Nitric oxide (NO) synthase mRNA expression and NO production via muscarinic acetylcholine receptor-mediated pathways in the CEM, human leukemic T-cell line

Nitric oxide (NO) is synthesized from L-arginine by neuronal, endothelial and inducible isoforms of NO synthase (nNOS, eNOS and iNOS, respectively) and is involved in the regulation of a variety of physiological functions, including immune activity. In vascular endothelial cells, stimulation of M(3) subtype of muscarinic acetylcholine receptors (mAChRs) triggers NO synthesis by eNOS. Human lymphocytes express several mAChR subtypes and their stimulation increases the intracellular free Ca(2+) concentration and up-regulates c-fos gene expression.

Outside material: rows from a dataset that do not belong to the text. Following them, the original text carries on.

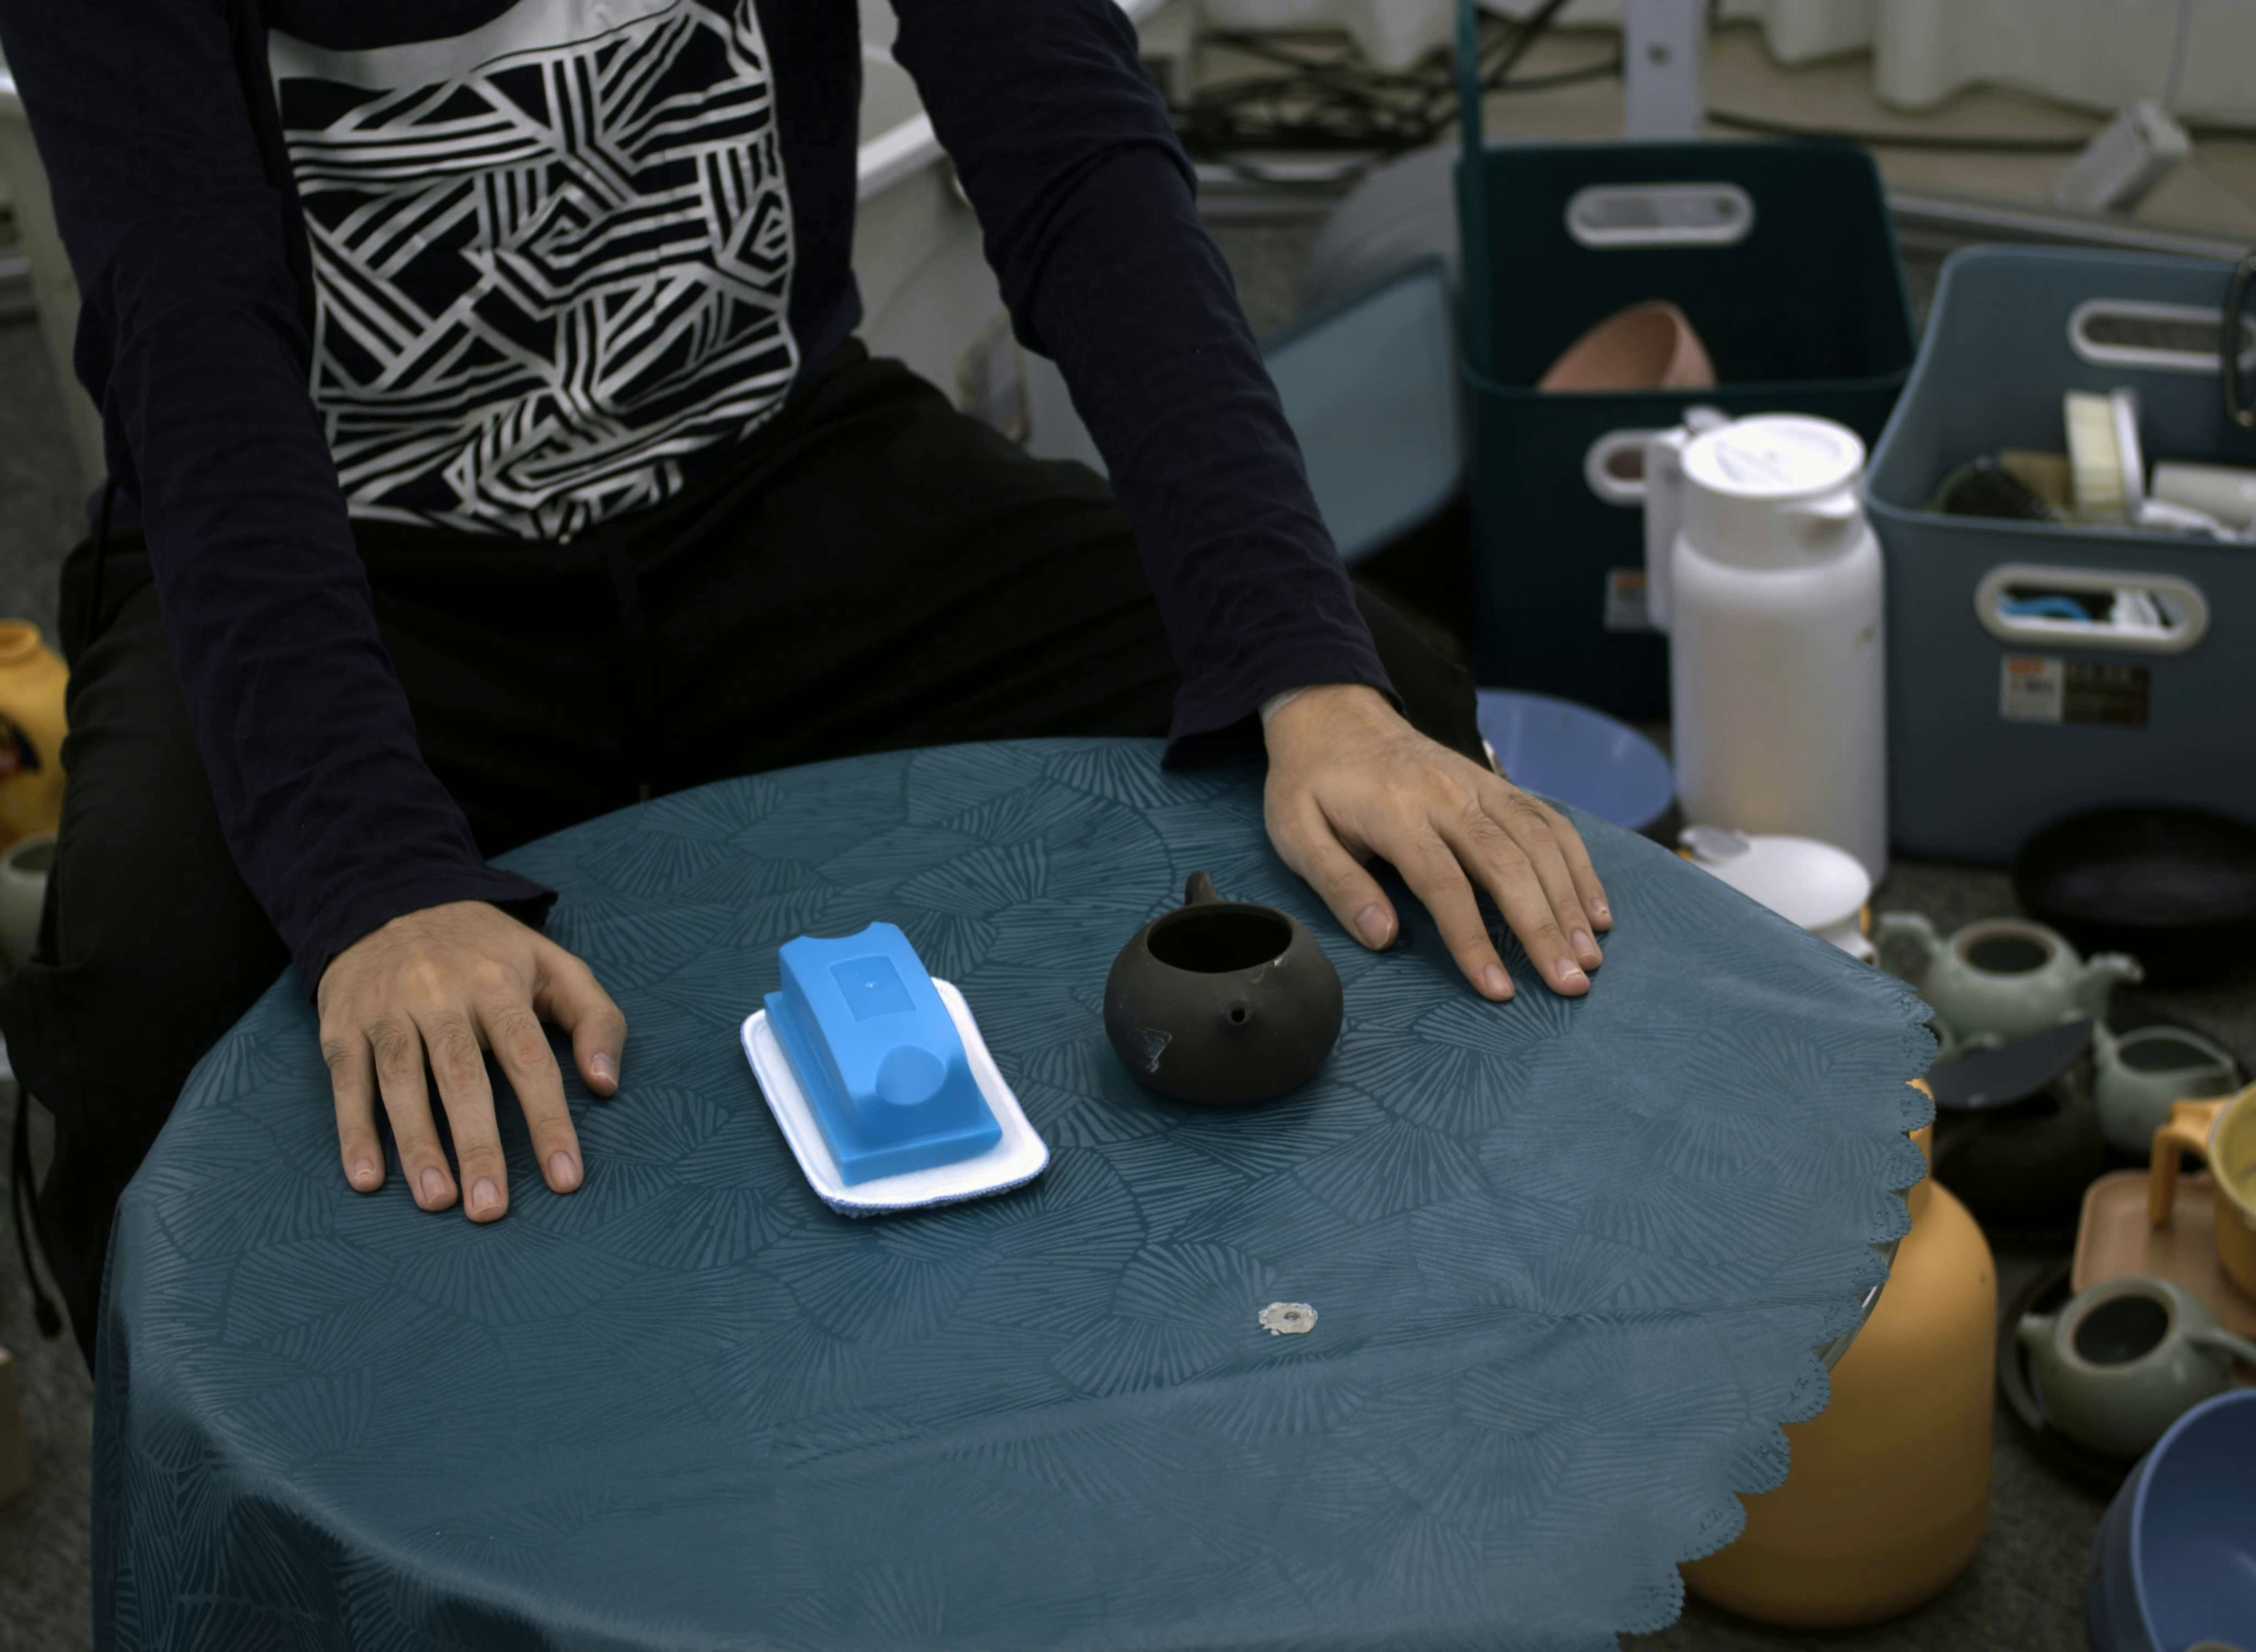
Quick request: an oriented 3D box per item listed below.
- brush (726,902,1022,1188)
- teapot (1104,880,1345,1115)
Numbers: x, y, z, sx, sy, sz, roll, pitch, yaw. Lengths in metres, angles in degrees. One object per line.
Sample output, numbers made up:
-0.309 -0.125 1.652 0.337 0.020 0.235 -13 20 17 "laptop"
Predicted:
-0.085 0.070 1.903 0.084 0.055 0.145 -6 29 -13 "brush"
0.032 0.057 1.929 0.082 0.052 0.116 -1 29 -3 "teapot"

While the above findings suggest involvement of the lymphocytic cholinergic system in the regulation of immune function, little is known on NOS expression and NO synthesis in T-lymphocytes. In the present study, using reverse transcription-polymerase chain reaction, we found that CEM cells express mRNAs encoding iNOS and nNOS, but not for eNOS. In addition, using quantitative fluorescence microscopy and a novel NO-sensitive fluorescent indicator, DAF-2, we found that oxotremorine-M (Oxo-M) (100 microM), a non-selective mAChR agonist, enhances NO production in the cells. This effect of Oxo-M was antagonized by pirenzepine (10 microM), an antagonist acting preferentially at M(1) mAChR and by atropine (10 microM). Also 4-DAMP (10 microM), an antagonist acting preferentially at M(3) mAChR, reduced significantly the effect of Oxo-M, while AFDX-116 (10 microM), an antagonist acting preferentially at M(2) mAChR, was ineffective. These findings suggest that T-lymphocytes express functional mAChRs linked to NO synthesis by nNOS and/or iNOS.